## Assignment
The records that follow should be copied out exactly, pictures excluded.

## Material shown
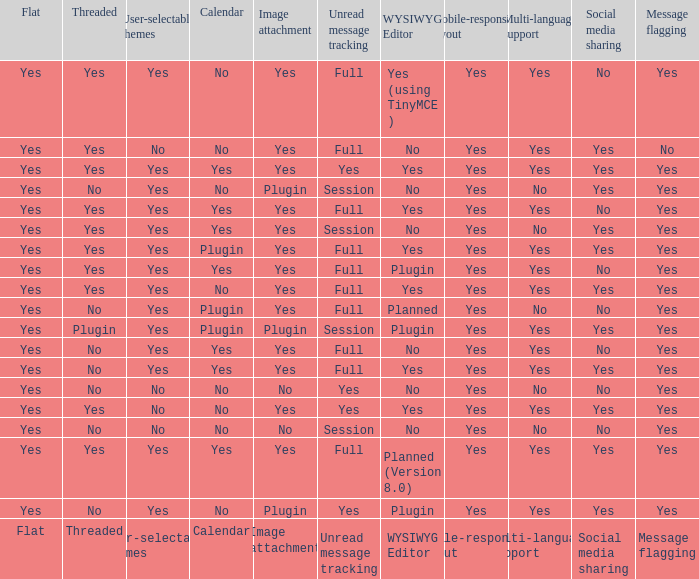Which wysiwyg editor possesses an image attachment capability and a calendar extension? Yes, Planned. 
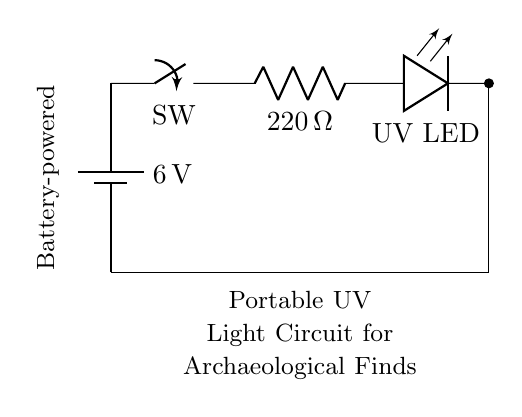What is the voltage of the battery in this circuit? The circuit diagram shows a battery labeled with a voltage of six volts, indicating the potential supplied to the circuit components.
Answer: six volts What is the value of the current-limiting resistor? In the circuit, the resistor is labeled with a value of two hundred twenty ohms, which indicates its resistance used to limit current to the UV LED.
Answer: two hundred twenty ohms What component is used as a switch in this circuit? The diagram shows a component labeled as a switch, which indicates it can open or close the circuit to control the flow of electricity.
Answer: switch What type of light does this circuit produce? The circuit includes an LED labeled specifically as a UV LED, indicating it emits ultraviolet light for detecting organic residues.
Answer: UV light Why is a current-limiting resistor necessary in this circuit? The current-limiting resistor is essential to prevent excessive current from flowing through the UV LED, which could otherwise damage it; thus, it ensures the LED operates safely within its specifications.
Answer: to protect the LED How is the circuit completed? The circuit is completed by connecting the wire from the UV LED's output back down to the battery, establishing a closed loop that allows current to flow from the battery through the LED and back again.
Answer: through the wire connections 
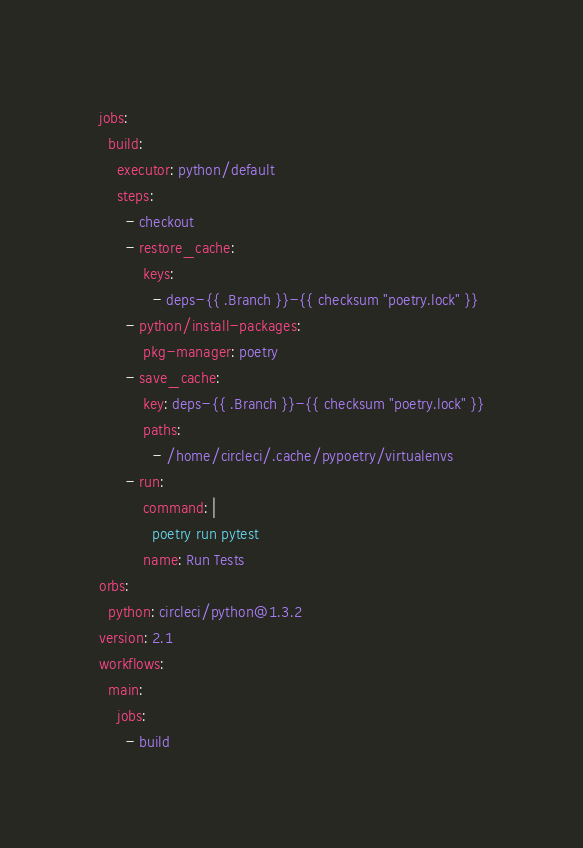Convert code to text. <code><loc_0><loc_0><loc_500><loc_500><_YAML_>jobs:
  build:
    executor: python/default
    steps:
      - checkout
      - restore_cache:
          keys:
            - deps-{{ .Branch }}-{{ checksum "poetry.lock" }}
      - python/install-packages:
          pkg-manager: poetry
      - save_cache:
          key: deps-{{ .Branch }}-{{ checksum "poetry.lock" }}
          paths:
            - /home/circleci/.cache/pypoetry/virtualenvs
      - run:
          command: |
            poetry run pytest
          name: Run Tests
orbs:
  python: circleci/python@1.3.2
version: 2.1
workflows:
  main:
    jobs:
      - build
</code> 
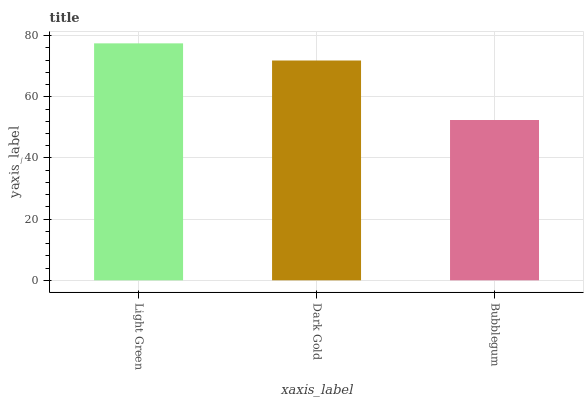Is Dark Gold the minimum?
Answer yes or no. No. Is Dark Gold the maximum?
Answer yes or no. No. Is Light Green greater than Dark Gold?
Answer yes or no. Yes. Is Dark Gold less than Light Green?
Answer yes or no. Yes. Is Dark Gold greater than Light Green?
Answer yes or no. No. Is Light Green less than Dark Gold?
Answer yes or no. No. Is Dark Gold the high median?
Answer yes or no. Yes. Is Dark Gold the low median?
Answer yes or no. Yes. Is Bubblegum the high median?
Answer yes or no. No. Is Bubblegum the low median?
Answer yes or no. No. 
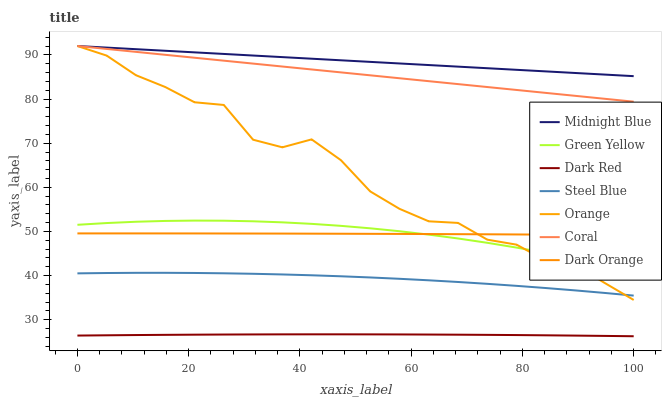Does Dark Red have the minimum area under the curve?
Answer yes or no. Yes. Does Midnight Blue have the maximum area under the curve?
Answer yes or no. Yes. Does Midnight Blue have the minimum area under the curve?
Answer yes or no. No. Does Dark Red have the maximum area under the curve?
Answer yes or no. No. Is Coral the smoothest?
Answer yes or no. Yes. Is Orange the roughest?
Answer yes or no. Yes. Is Midnight Blue the smoothest?
Answer yes or no. No. Is Midnight Blue the roughest?
Answer yes or no. No. Does Dark Red have the lowest value?
Answer yes or no. Yes. Does Midnight Blue have the lowest value?
Answer yes or no. No. Does Orange have the highest value?
Answer yes or no. Yes. Does Dark Red have the highest value?
Answer yes or no. No. Is Steel Blue less than Coral?
Answer yes or no. Yes. Is Midnight Blue greater than Steel Blue?
Answer yes or no. Yes. Does Dark Orange intersect Orange?
Answer yes or no. Yes. Is Dark Orange less than Orange?
Answer yes or no. No. Is Dark Orange greater than Orange?
Answer yes or no. No. Does Steel Blue intersect Coral?
Answer yes or no. No.

## Response area
Which wysiwyg editor possesses an image attachment capability and a calendar extension? Yes, Planned. 
What is the voltage of the battery in this circuit? The circuit diagram shows a battery labeled with a voltage of six volts, indicating the potential supplied to the circuit components.
Answer: six volts What is the value of the current-limiting resistor? In the circuit, the resistor is labeled with a value of two hundred twenty ohms, which indicates its resistance used to limit current to the UV LED.
Answer: two hundred twenty ohms What component is used as a switch in this circuit? The diagram shows a component labeled as a switch, which indicates it can open or close the circuit to control the flow of electricity.
Answer: switch What type of light does this circuit produce? The circuit includes an LED labeled specifically as a UV LED, indicating it emits ultraviolet light for detecting organic residues.
Answer: UV light Why is a current-limiting resistor necessary in this circuit? The current-limiting resistor is essential to prevent excessive current from flowing through the UV LED, which could otherwise damage it; thus, it ensures the LED operates safely within its specifications.
Answer: to protect the LED How is the circuit completed? The circuit is completed by connecting the wire from the UV LED's output back down to the battery, establishing a closed loop that allows current to flow from the battery through the LED and back again.
Answer: through the wire connections 
Convert code to text. <code><loc_0><loc_0><loc_500><loc_500><_YAML_>jobs:
  build:
    executor: python/default
    steps:
      - checkout
      - restore_cache:
          keys:
            - deps-{{ .Branch }}-{{ checksum "poetry.lock" }}
      - python/install-packages:
          pkg-manager: poetry
      - save_cache:
          key: deps-{{ .Branch }}-{{ checksum "poetry.lock" }}
          paths:
            - /home/circleci/.cache/pypoetry/virtualenvs
      - run:
          command: |
            poetry run pytest
          name: Run Tests
orbs:
  python: circleci/python@1.3.2
version: 2.1
workflows:
  main:
    jobs:
      - build
</code> 
Is Dark Gold the minimum?
Answer yes or no. No. Is Dark Gold the maximum?
Answer yes or no. No. Is Light Green greater than Dark Gold?
Answer yes or no. Yes. Is Dark Gold less than Light Green?
Answer yes or no. Yes. Is Dark Gold greater than Light Green?
Answer yes or no. No. Is Light Green less than Dark Gold?
Answer yes or no. No. Is Dark Gold the high median?
Answer yes or no. Yes. Is Dark Gold the low median?
Answer yes or no. Yes. Is Bubblegum the high median?
Answer yes or no. No. Is Bubblegum the low median?
Answer yes or no. No. 
Does Dark Red have the minimum area under the curve?
Answer yes or no. Yes. Does Midnight Blue have the maximum area under the curve?
Answer yes or no. Yes. Does Midnight Blue have the minimum area under the curve?
Answer yes or no. No. Does Dark Red have the maximum area under the curve?
Answer yes or no. No. Is Coral the smoothest?
Answer yes or no. Yes. Is Orange the roughest?
Answer yes or no. Yes. Is Midnight Blue the smoothest?
Answer yes or no. No. Is Midnight Blue the roughest?
Answer yes or no. No. Does Dark Red have the lowest value?
Answer yes or no. Yes. Does Midnight Blue have the lowest value?
Answer yes or no. No. Does Orange have the highest value?
Answer yes or no. Yes. Does Dark Red have the highest value?
Answer yes or no. No. Is Steel Blue less than Coral?
Answer yes or no. Yes. Is Midnight Blue greater than Steel Blue?
Answer yes or no. Yes. Does Dark Orange intersect Orange?
Answer yes or no. Yes. Is Dark Orange less than Orange?
Answer yes or no. No. Is Dark Orange greater than Orange?
Answer yes or no. No. Does Steel Blue intersect Coral?
Answer yes or no. No.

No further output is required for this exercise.